Wearable Technology Trends – Not What I’d Call Practical
The ideas surrounding these new wearable technologies are brilliant and revolutionary; no doubt about that. But are they practical? Will they catch on mainstream? I’m having a hard time jumping up and down with a resounding, “Yes!” I’m not saying it’s impossible. I’m saying that wearable tech is only going to catch on mainstream if it’s practical, attractive, and stylish to wear. We’re not going to strap a brick to the side of our heads and walk around town. Well, some people might, but I’m talking about “mainstream” right now...
Wearable technology is emerging everywhere: from fitness to smart watches, from smart glasses to bras. My question is, is it practical? Is this comfortable to actually wear?

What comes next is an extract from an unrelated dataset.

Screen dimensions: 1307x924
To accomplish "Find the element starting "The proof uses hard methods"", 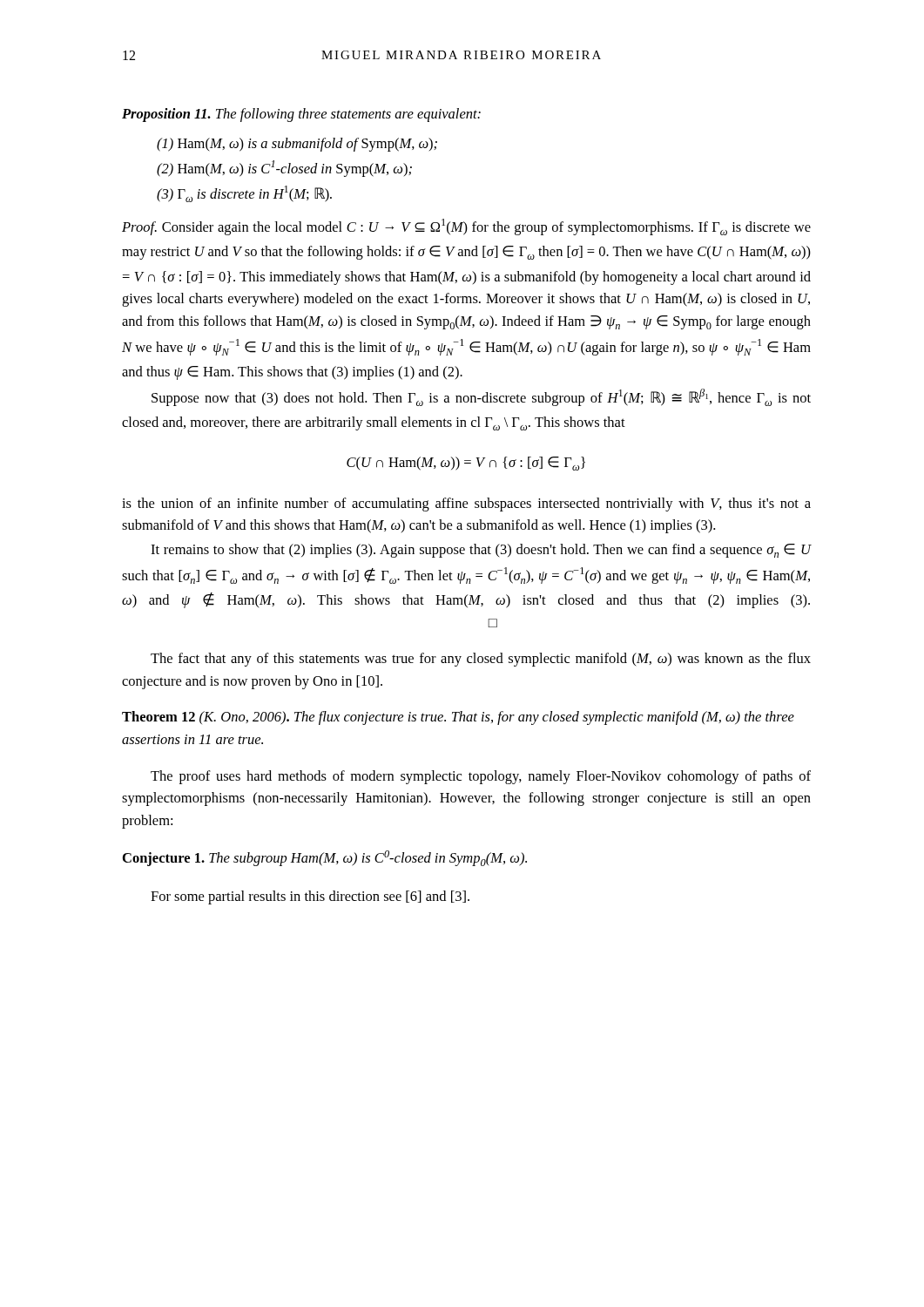I will tap(466, 798).
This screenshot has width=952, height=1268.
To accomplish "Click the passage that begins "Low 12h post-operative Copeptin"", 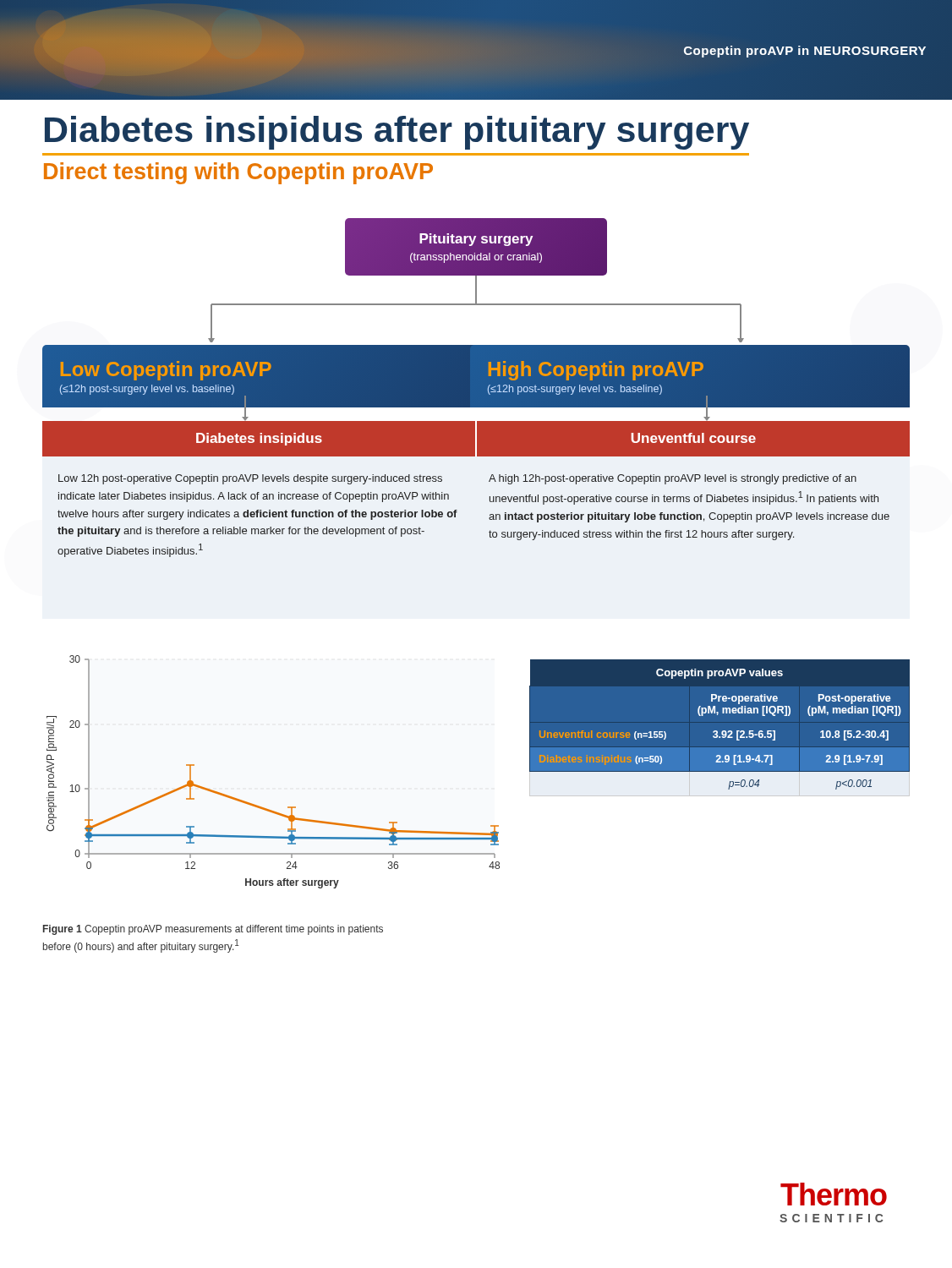I will pyautogui.click(x=257, y=515).

When you leave your house is it going to be as automatic to throw on your smart glasses as it is to throw on your sunglasses?
We have some highly innovative smart watches circulating around right now. Smart watches were also a big buzz at the last Consumer Electronics Show. But, with a 2 – 2.5 inch face, are people really going to start replacing their phones with a giant watch? I think Pebble Steel has the right idea here, they’ve taken some big complaints about smart watches (ex: functionality and appearance) and addressed both. The new styles are modeled after the look of classic men’s watches –instead of molded plastic they have used forged steel and each is equipped with a leather band in the box. That is something that I can see catching on mainstream.
There’s no doubt that these wearable technologies can be conversation starters, especially if you’re with a certain crowd; but, you probably won’t see me fashioning my Google Glass at happy hour or at the fair grounds. And, speaking of Google Glass, wearable technology glasses could arguably be the most distracting piece of technology to wear. Products like GlassUp show e-mails, texts, tweets, etc. on a display right in front of your eyes. Their design also currently resembles safety glasses.
I think that the best solution, and really only solution, for wearable technology catching on mainstream is to try to blend in by designing the products after those that people already wear. I don’t think that the technology industry should try to take on fashion and decide what the new trends are that people will want to wear. I think that they should look to what is already working, and what is extremely popular, and fashion their devices around those looks. Look at Google, they are already releasing new frames for a more fashionable look. This doesn’t mean that wearable technologies can’t be unique in their individual styles; but, let’s not go crazy. Your technology is innovative enough.
Meanwhile, I think we still need to ask ourselves –are a majority of people going to wear these new technologies even if they look a bit more mainstream? Is wearing Google Glass going to be like wearing a Bluetooth ear piece? You know, those awkward moments when people don’t know if you’re talking to yourself or the voices in your head? Maybe these, or at least some of these, products will become the new norm. The new sliced bread. I’m not sure. What do you think?